Work instructions: Each line of the listing where "size" appears should be reported.
====== Input for this task
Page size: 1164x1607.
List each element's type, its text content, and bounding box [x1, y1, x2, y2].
============
====== Input for this task
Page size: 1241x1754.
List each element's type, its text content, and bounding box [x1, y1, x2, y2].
============
====== Input for this task
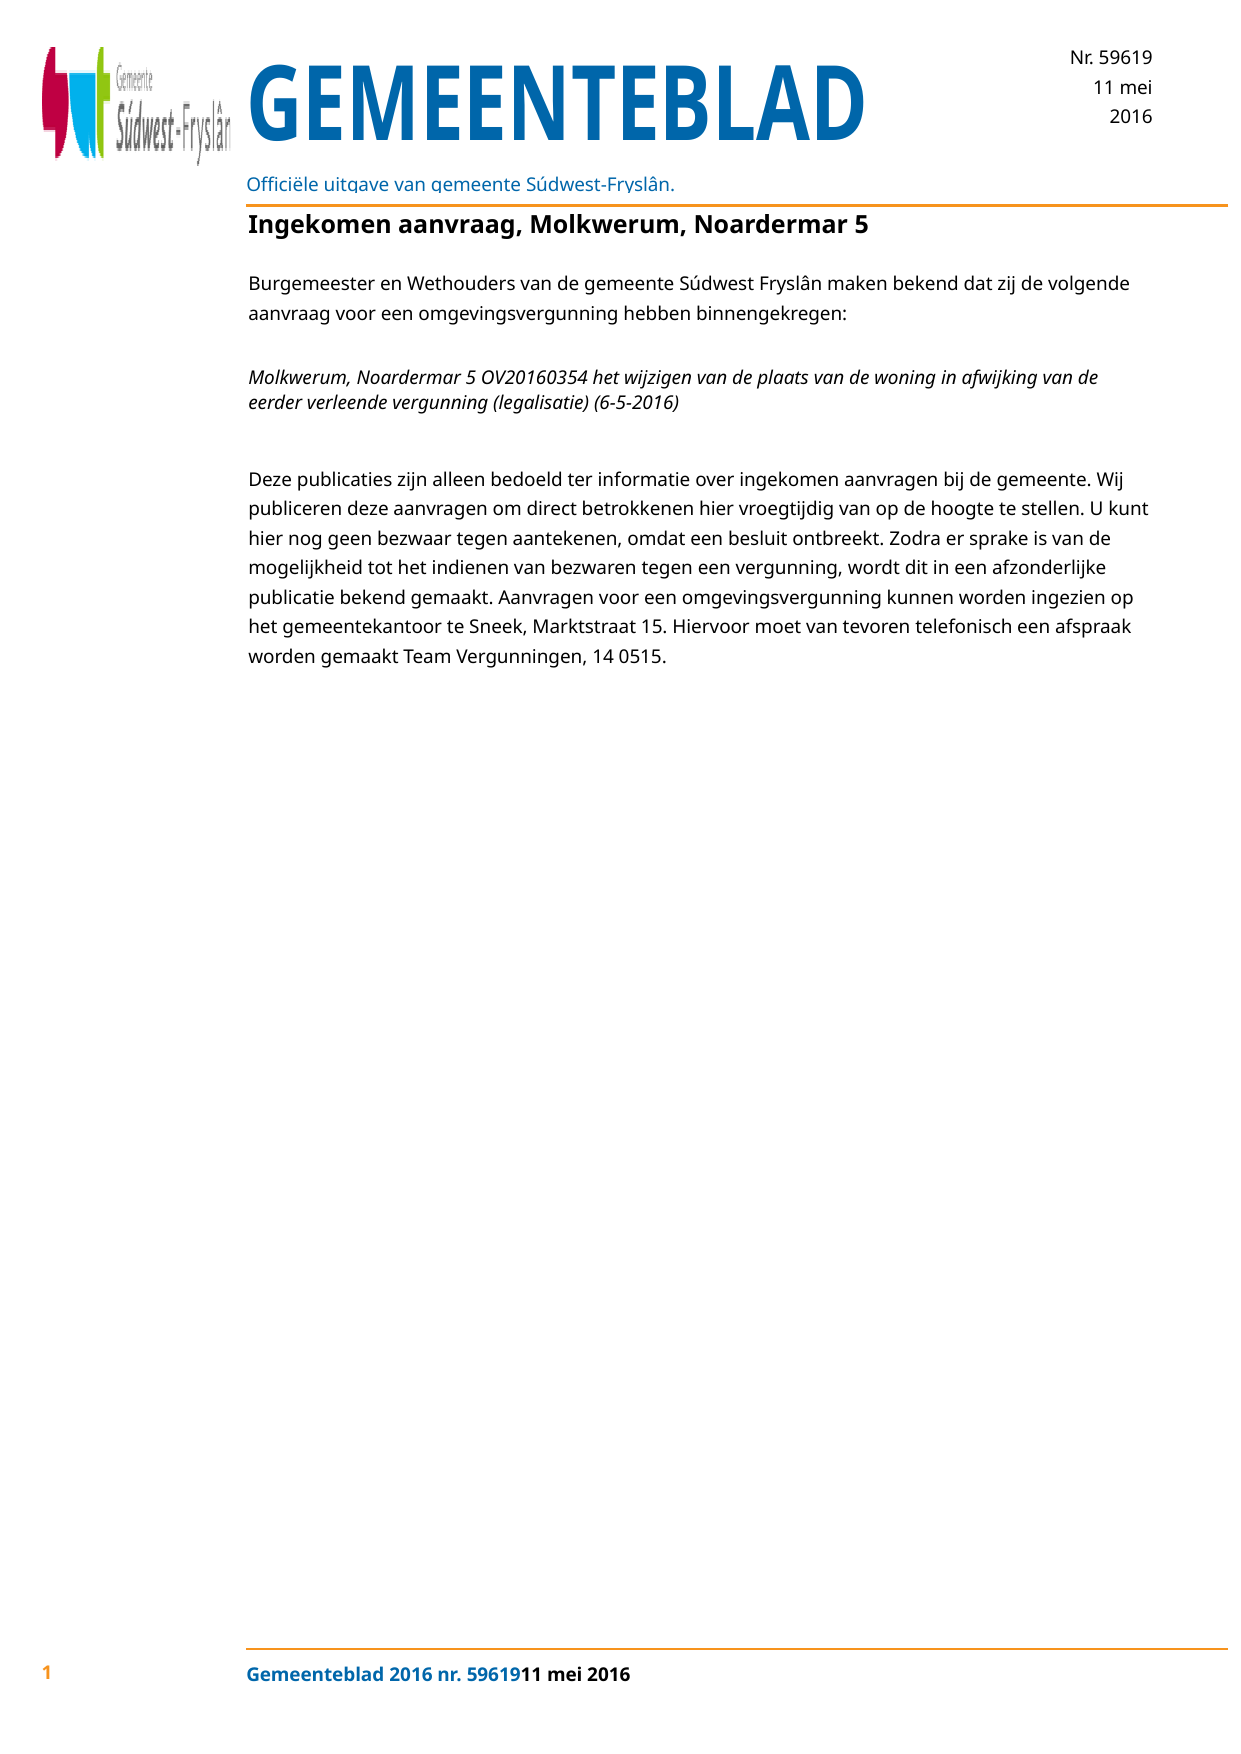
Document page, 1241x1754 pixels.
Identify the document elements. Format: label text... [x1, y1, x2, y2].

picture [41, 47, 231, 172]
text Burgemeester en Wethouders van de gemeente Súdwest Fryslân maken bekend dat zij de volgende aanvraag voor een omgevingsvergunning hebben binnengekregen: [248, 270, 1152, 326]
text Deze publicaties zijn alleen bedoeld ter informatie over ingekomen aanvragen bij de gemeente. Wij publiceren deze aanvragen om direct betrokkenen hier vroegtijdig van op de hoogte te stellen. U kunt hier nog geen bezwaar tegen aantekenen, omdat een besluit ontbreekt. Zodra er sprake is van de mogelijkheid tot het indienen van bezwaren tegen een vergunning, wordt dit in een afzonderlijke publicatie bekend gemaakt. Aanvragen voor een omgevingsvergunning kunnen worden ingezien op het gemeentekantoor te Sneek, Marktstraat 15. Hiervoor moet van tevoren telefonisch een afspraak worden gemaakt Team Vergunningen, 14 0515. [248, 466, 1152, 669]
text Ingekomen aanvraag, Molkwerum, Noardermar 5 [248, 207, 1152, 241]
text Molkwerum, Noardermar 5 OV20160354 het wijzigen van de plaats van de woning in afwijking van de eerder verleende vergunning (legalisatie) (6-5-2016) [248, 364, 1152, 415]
============
Response to this task:
Page size: 1164x1607.
Page size: 1241x1754.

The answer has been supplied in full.